Model selection in production is often based on benchmarks that don’t reflect real-world workloads, or worse, on team preference. A model that scores highest on a generic benchmark may underperform for your specific domain — legal text, medical records, code generation — while costing 5-10x more than an adequate alternative. Without controlled experiments on actual production traffic, teams overpay for capability they don’t need or under-invest in quality that matters.

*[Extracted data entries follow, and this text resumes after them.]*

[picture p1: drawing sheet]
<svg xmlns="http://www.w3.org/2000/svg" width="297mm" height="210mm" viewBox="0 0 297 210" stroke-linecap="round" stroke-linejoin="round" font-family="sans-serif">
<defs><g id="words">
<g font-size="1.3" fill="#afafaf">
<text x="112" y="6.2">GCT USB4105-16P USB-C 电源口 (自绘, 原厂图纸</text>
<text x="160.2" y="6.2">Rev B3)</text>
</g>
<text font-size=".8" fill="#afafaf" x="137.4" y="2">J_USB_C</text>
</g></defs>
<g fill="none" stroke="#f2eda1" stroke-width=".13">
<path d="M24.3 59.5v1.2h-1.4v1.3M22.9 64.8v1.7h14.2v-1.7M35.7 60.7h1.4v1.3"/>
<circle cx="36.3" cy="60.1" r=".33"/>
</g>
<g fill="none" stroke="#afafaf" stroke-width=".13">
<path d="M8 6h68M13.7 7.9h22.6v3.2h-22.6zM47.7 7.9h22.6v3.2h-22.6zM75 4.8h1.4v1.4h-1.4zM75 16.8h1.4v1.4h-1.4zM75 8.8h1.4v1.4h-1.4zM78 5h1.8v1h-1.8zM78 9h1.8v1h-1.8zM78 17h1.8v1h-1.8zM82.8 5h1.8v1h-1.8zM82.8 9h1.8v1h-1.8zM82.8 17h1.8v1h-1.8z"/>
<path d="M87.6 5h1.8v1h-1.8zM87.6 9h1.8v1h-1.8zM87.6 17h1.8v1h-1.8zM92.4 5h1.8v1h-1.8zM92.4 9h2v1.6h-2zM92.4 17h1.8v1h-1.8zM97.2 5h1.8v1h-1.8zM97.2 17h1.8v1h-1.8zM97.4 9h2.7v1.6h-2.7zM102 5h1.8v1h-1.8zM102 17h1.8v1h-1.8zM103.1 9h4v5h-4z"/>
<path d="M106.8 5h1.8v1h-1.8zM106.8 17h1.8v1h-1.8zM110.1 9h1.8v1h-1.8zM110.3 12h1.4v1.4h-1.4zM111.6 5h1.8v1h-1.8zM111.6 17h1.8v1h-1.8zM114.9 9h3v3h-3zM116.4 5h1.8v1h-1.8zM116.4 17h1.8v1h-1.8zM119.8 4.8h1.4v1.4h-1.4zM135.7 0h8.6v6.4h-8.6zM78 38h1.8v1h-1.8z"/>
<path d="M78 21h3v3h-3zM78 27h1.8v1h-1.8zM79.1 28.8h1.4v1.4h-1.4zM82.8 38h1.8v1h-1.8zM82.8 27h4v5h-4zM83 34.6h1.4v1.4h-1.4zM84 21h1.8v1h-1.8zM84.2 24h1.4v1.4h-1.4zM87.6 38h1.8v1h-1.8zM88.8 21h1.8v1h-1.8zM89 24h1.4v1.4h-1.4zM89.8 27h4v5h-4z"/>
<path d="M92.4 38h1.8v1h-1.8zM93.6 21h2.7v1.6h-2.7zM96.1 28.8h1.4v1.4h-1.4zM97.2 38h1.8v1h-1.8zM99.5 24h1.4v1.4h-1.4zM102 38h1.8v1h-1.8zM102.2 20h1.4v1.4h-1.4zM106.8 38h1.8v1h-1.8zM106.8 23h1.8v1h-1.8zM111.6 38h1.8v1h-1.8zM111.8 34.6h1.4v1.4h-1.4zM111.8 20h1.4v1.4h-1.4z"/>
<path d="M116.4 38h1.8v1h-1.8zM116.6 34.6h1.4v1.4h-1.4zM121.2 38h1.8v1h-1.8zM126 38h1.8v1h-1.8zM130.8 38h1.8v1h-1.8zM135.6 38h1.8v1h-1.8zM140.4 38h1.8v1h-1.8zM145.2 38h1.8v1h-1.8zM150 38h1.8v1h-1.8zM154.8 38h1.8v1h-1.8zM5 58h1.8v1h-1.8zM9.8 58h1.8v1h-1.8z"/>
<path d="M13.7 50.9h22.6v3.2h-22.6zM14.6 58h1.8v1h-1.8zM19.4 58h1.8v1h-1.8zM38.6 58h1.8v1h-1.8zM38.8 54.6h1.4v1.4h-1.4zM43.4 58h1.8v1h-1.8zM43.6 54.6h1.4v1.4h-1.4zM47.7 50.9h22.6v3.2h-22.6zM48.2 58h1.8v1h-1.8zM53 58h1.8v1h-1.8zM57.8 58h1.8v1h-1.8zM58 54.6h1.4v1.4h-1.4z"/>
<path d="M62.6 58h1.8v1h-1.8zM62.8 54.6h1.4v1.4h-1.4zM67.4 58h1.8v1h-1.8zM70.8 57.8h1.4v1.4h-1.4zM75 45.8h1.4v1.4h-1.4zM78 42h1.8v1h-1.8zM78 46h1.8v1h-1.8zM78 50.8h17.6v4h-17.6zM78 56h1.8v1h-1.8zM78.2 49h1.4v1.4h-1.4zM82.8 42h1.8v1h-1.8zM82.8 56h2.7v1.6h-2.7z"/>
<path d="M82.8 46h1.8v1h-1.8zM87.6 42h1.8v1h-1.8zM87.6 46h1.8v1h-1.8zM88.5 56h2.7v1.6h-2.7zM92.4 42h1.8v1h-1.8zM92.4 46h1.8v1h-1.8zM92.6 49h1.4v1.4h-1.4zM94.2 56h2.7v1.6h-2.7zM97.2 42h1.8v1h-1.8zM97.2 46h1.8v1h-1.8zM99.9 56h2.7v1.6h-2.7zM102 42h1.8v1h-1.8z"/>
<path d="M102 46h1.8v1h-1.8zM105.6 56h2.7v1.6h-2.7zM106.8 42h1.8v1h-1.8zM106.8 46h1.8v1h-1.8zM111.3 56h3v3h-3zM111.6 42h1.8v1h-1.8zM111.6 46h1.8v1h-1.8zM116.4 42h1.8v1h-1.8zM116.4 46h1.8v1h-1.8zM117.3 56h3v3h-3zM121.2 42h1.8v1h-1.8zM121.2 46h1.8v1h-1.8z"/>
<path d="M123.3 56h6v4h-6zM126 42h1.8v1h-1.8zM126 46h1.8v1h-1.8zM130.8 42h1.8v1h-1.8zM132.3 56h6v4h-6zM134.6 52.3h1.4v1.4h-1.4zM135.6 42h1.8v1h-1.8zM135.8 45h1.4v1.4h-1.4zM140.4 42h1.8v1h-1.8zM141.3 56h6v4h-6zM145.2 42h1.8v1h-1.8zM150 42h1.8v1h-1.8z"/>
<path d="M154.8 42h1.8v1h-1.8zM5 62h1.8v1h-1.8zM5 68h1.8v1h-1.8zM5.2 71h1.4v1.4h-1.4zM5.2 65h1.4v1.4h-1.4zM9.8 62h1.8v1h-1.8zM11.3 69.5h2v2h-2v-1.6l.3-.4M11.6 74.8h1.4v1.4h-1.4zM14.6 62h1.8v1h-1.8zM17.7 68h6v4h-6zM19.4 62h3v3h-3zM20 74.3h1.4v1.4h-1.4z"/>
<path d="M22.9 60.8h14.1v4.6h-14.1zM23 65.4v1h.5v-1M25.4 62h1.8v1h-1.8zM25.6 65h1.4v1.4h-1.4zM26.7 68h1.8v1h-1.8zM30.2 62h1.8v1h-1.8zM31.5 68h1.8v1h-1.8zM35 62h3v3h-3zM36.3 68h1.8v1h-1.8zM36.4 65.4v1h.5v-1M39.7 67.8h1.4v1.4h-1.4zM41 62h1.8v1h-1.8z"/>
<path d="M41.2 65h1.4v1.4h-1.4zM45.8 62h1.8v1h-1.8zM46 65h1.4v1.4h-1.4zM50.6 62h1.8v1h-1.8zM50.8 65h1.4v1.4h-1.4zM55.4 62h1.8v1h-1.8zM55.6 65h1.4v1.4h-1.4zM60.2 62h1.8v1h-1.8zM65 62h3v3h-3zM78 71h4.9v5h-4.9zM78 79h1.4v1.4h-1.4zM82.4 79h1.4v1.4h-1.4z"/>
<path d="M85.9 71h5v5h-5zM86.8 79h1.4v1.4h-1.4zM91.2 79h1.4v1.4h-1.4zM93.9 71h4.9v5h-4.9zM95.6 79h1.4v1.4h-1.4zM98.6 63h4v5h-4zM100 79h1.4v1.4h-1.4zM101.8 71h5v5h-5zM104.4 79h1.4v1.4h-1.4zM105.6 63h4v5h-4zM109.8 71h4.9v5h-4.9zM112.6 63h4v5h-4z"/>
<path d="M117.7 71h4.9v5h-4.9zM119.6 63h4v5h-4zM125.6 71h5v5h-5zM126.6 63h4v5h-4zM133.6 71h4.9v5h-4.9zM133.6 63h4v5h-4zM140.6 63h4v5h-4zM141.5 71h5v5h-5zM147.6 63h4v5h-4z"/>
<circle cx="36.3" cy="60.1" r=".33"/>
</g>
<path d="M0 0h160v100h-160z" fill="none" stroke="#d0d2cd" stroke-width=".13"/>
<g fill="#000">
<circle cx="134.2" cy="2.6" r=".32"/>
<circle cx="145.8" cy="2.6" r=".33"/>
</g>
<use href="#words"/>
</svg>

The core challenge is isolating model performance from confounding variables: different request types, varying user expectations, and non-deterministic LLM outputs. Naive comparisons (run model A for a week, then model B) conflate temporal effects with model quality.

An A/B testing framework solves this by splitting traffic simultaneously, using consistent hashing so each user sees the same variant throughout the experiment, and applying statistical tests (Welch’s t-test) to determine winners with quantified confidence levels.

Solution Architecture

Beluga AI’s unified llm.ChatModel interface means models from different providers share the same API, making A/B comparison straightforward — no adapter code per provider. The traffic splitter uses consistent hashing (MD5 of user ID) for stable variant assignment, OTel metrics track latency, token usage, and cost per variant, and statistical analysis determines winners with confidence intervals.

graph TB
    A[User Request] --> B[Traffic Splitter<br>Consistent Hashing]
    B --> C[Model A<br>GPT-4o]
    B --> D[Model B<br>Claude Sonnet]
    C --> E[Metrics Collector]
    D --> E
    E --> F[Statistical Analyzer<br>T-test, Chi-square]
    F --> G[Experiment Results<br>Winner + Confidence]
    H[Experiment Config] --> B
    I[Dashboard] --> G

A/B Testing Framework

Implement controlled experiments across models:

package main

import (
    "context"
    "crypto/md5"
    "encoding/binary"
    "fmt"
    "log"
    "sync"
    "time"

    "github.com/lookatitude/beluga-ai/llm"
    "github.com/lookatitude/beluga-ai/schema"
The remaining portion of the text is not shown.